Sociedad Americana de Hirudoterapia

Do that to me one more time! What kind of trial replications do we need?

Lüdtke R (2008) · Complementary Therapies in Medicine · n=0

RCT evidence detailTrial reference
GRADE Very LowInsufficient evidenceCondition: Knee Osteoarthritis

Study Profile

Design
invited editorial on the methodological need for and design of replication trials in leech therapy and complementary medicine generally (Karl and Veronica Carstens Foundation, Germany)
Sample size (n)
0
Intervention
Editorial discussion of replication-trial design - direct replication versus methodologically improved replication, sham control issues, meta-analytic considerations
Comparator
Editorial framework - not an empirical comparison
Primary endpoint
Methodological recommendations for future leech therapy replication trials
Primary result
Recommends replication trials that are methodologically improved over the original Michalsen 2003 design - in particular adding sham control where ethically feasible - rather than purely direct replication; flags Andereya 2008 Acta Orthopaedica's artificial-leech control as an example of progress
Follow-up duration
not applicable (editorial)

Key Findings

  • Editorial by Karl and Veronica Carstens Foundation methodologist Rainer Lüdtke, co-author of the Michalsen 2003 landmark RCT
  • Argues for methodologically improved replication trials (especially adding sham control) over direct replication
  • Specifically discusses leech therapy in the context of broader complementary-medicine trial replication
  • Influenced the design of subsequent sham-controlled trials including Hohmann 2014 and the ongoing ELECT 2025 trial
  • Provides methodological framing for understanding why the field has progressively shifted from open-label to sham-controlled designs

Limitations

  • Editorial only - not primary evidence
  • No empirical data
  • Reflects 2008 methodological state-of-the-art - subsequent literature has advanced
  • Single-author opinion piece
  • No GRADE rating

Clinical Implications

Lüdtke 2008 is an important methodological reference for understanding the trajectory of the leech-therapy RCT literature.
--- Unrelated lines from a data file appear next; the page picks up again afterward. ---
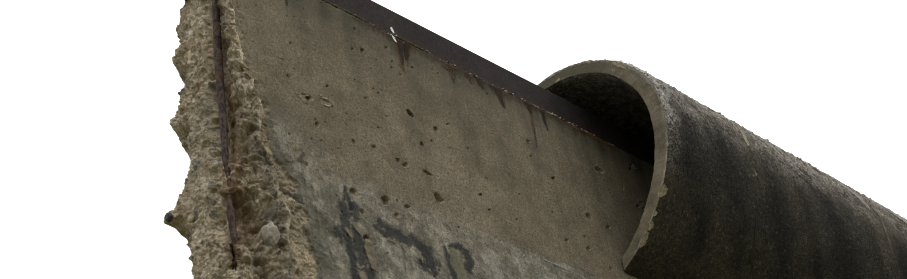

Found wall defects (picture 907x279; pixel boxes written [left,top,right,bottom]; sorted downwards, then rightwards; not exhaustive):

spalling [163,0,303,279]
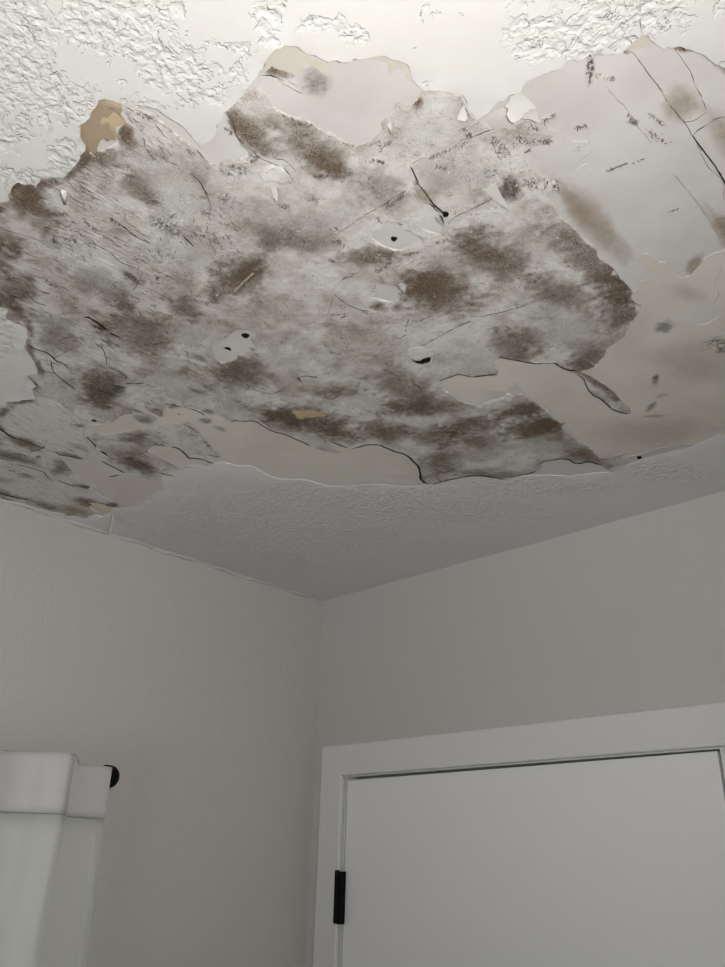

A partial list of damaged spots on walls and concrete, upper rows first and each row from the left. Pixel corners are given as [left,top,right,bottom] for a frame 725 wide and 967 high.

crack [633,23,725,235]
damp [12,152,115,234]
crack [341,155,491,231]
damp [210,260,262,301]
peeling [0,35,725,535]
damp [395,270,474,313]
damp [550,225,635,325]
crack [26,316,143,389]
crack [0,429,212,486]
damp [264,408,358,438]
crack [332,442,599,484]
damp [418,402,599,461]
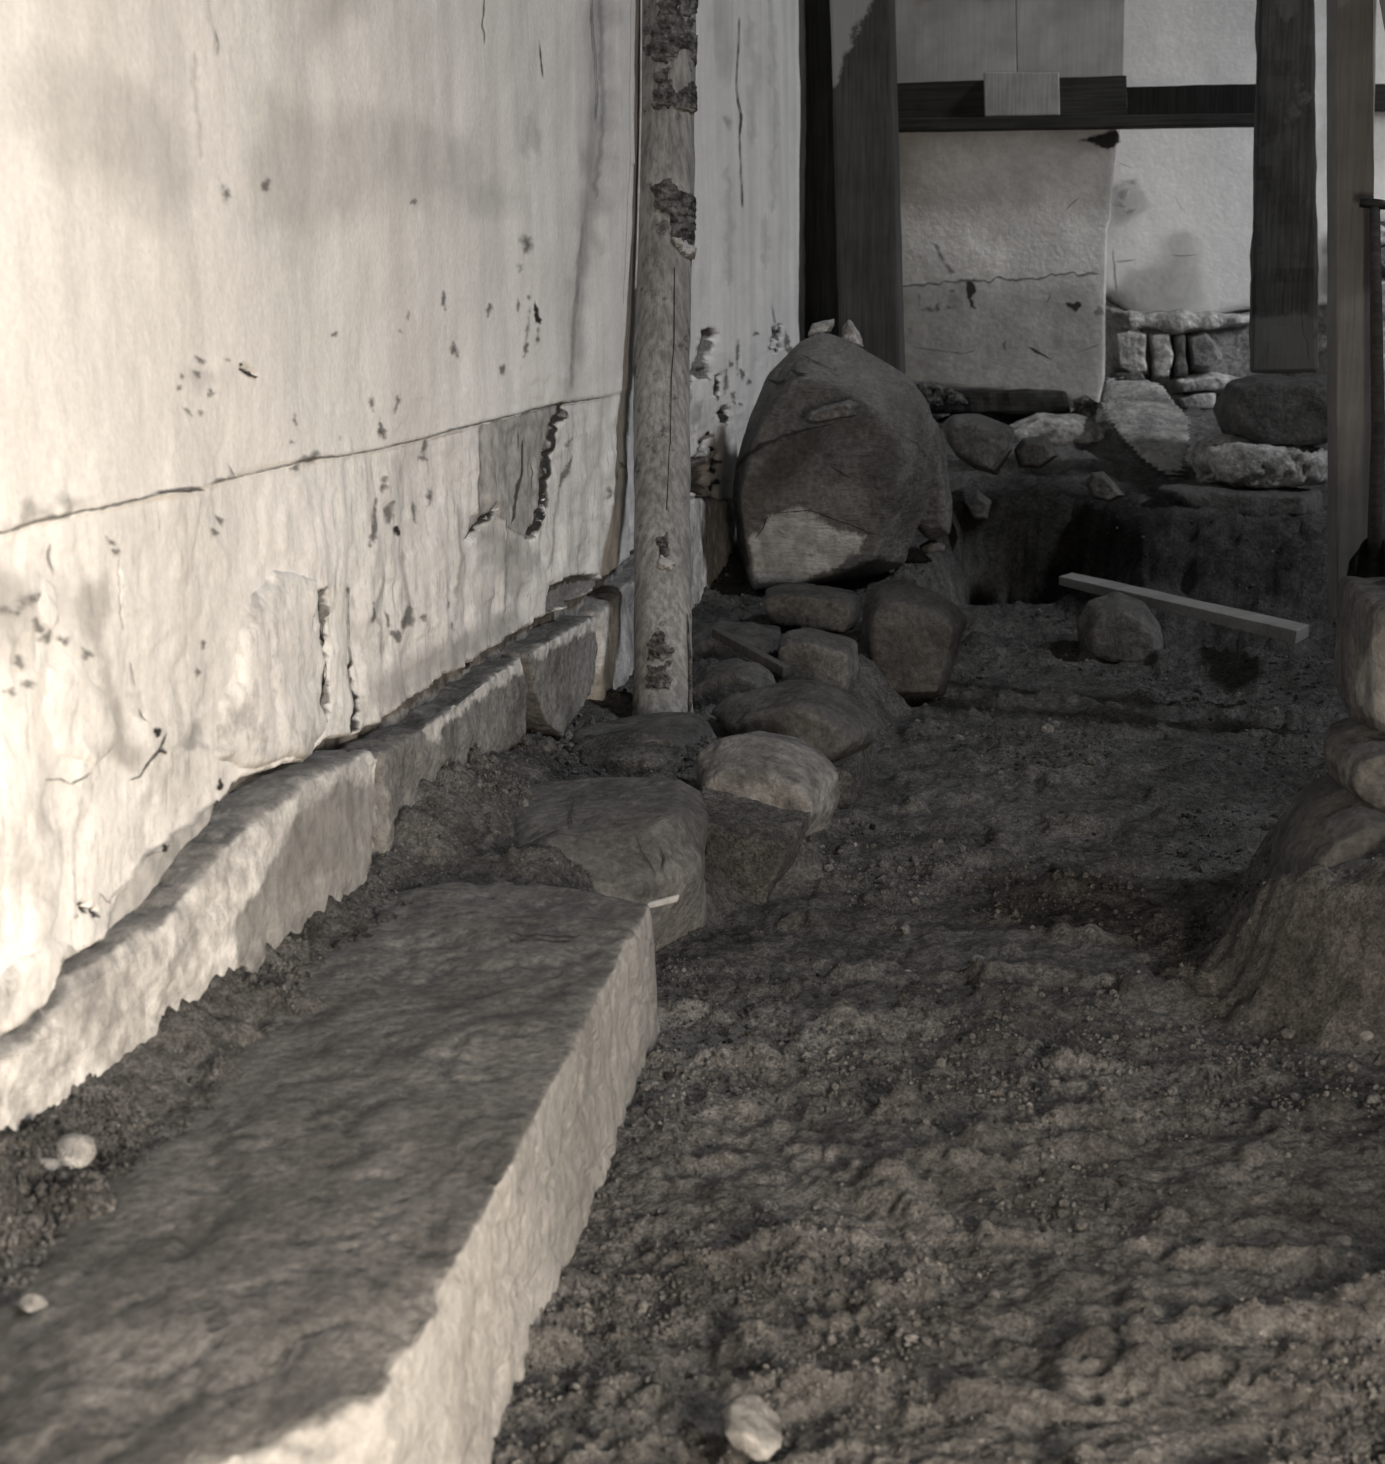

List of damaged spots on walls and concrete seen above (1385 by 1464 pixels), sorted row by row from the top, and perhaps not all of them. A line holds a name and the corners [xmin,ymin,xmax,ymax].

It documents the moment when the field recognized that further open-label replication was less valuable than sham-controlled and methodologically-improved designs. For ASH editorial-board purposes, this editorial provides historical context for the moderate GRADE rating applied to the knee OA evidence base: the field acknowledges that current evidence is moderate-quality precisely because the foundational Michalsen 2003 trial was open-label, and the subsequent improvement trajectory (Andereya 2008 artificial leech, Hohmann 2014 sham, ELECT 2025 multicenter sham) has not yet fully closed the gap.